4. Role of NRF2 in Neurodegenerative Diseases

Recent discoveries have mentioned OS as a major pathogenesis of neurodegenerative disorders (NDDs) due to the accumulation of ROS [38][53]. In fact, a failure in maintaining the proper balance between ROS generation and their neutralization causes a disruption of brain homeostasis leading to neurodegenerative disorders [54][55] (see Figure 1).
Ijms 20 03433 g002 550
Figure 1. Schematic representation of the Cerebrovascular and neurodegenerative diseases associated with impaired redox metabolism and oxidative stress.
Alzheimer’s disease: A neuropathological hallmark of AD is the formation of intracellular neurofibrillary tangles (NFTs) and extracellular senile plaques (SPs) composed of small Aβ peptides [56]. Several studies propose that OS is an early prodromal event for progressive neurodegenerative disorders [57]. According to several studies on AD, NRF2 was able to provide a neuroprotective effect by decreasing ROS generation and ROS-induced toxicity mediated by Aβ [58][59]. Supporting data have shown that NRF2 activators, such as sulforaphane (SFN) lower toxin-induced Aβ1-42 secretion, while enhancing cell viability and improving cognitive function [60][61]. These beneficial effects may be due to the formation of Aβ aggregates or the inhibition of the release of monomer/oligomeric Aβ from dead cells [62]. A recent study also outlined the role of NRF2 in facilitating autophagy as well as altering β-Amyloid precursor proteins (APP) and Aβ processing whereas NRF2 knockout APP/PS1 mice showed increased accumulation of insoluble APP fragments and Aβ as well as mammalian targets of rapamycin (mTOR) activity [15][63]. The investigators also found that overexpression of mitochondria catalase in APP transgenic mice (Tg2576), decreases the formation of full-length APPs and lowers soluble and insoluble Aβ levels.
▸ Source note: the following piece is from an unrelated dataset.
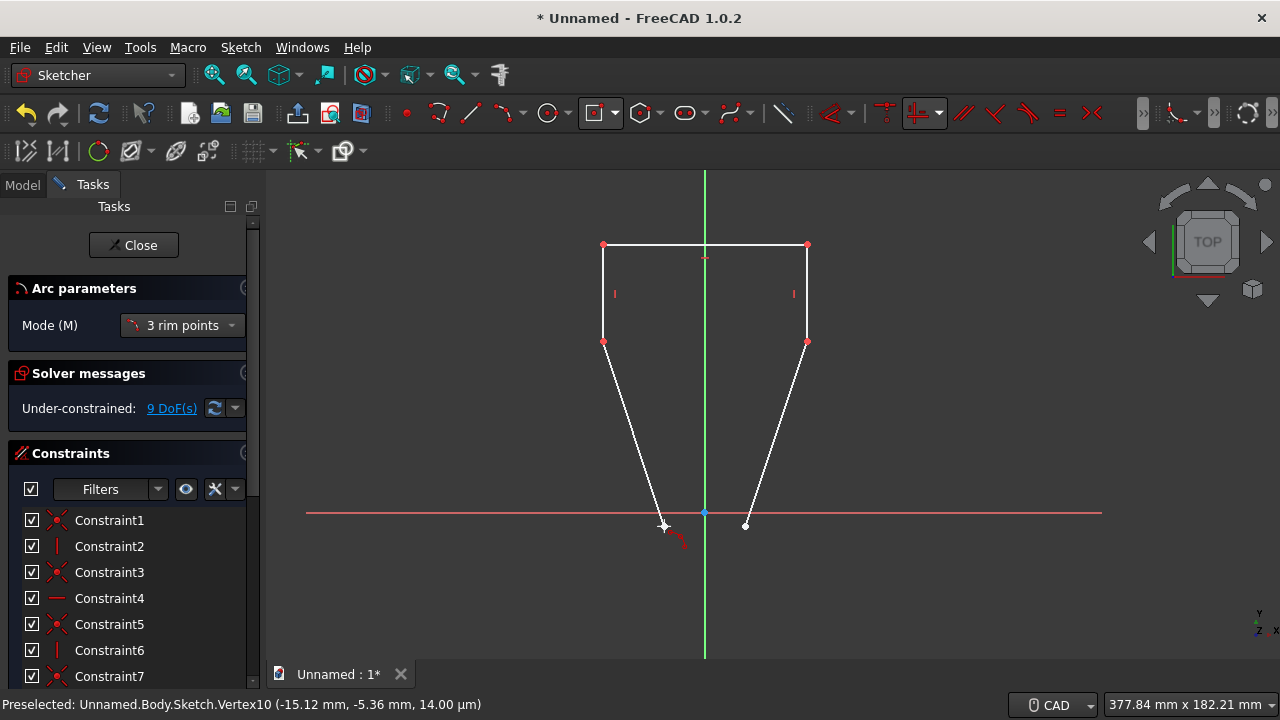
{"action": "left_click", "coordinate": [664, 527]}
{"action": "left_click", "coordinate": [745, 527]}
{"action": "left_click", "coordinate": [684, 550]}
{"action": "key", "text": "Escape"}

From a clinical perspective, this may translate into extending the lifespan of the patient while improving working memory [15]. In a recent study, Rojo et al. demonstrated the protective effect of NRF2 against exacerbation of astrogliosis and microgliosis using transgenic mouse models [62]. Specifically, the investigators have shown a reduction in homeostatic responses with aging along with NRF2 activity resulting in reduced protection against proteotoxic, inflammatory and oxidative stress stimuli [15][64].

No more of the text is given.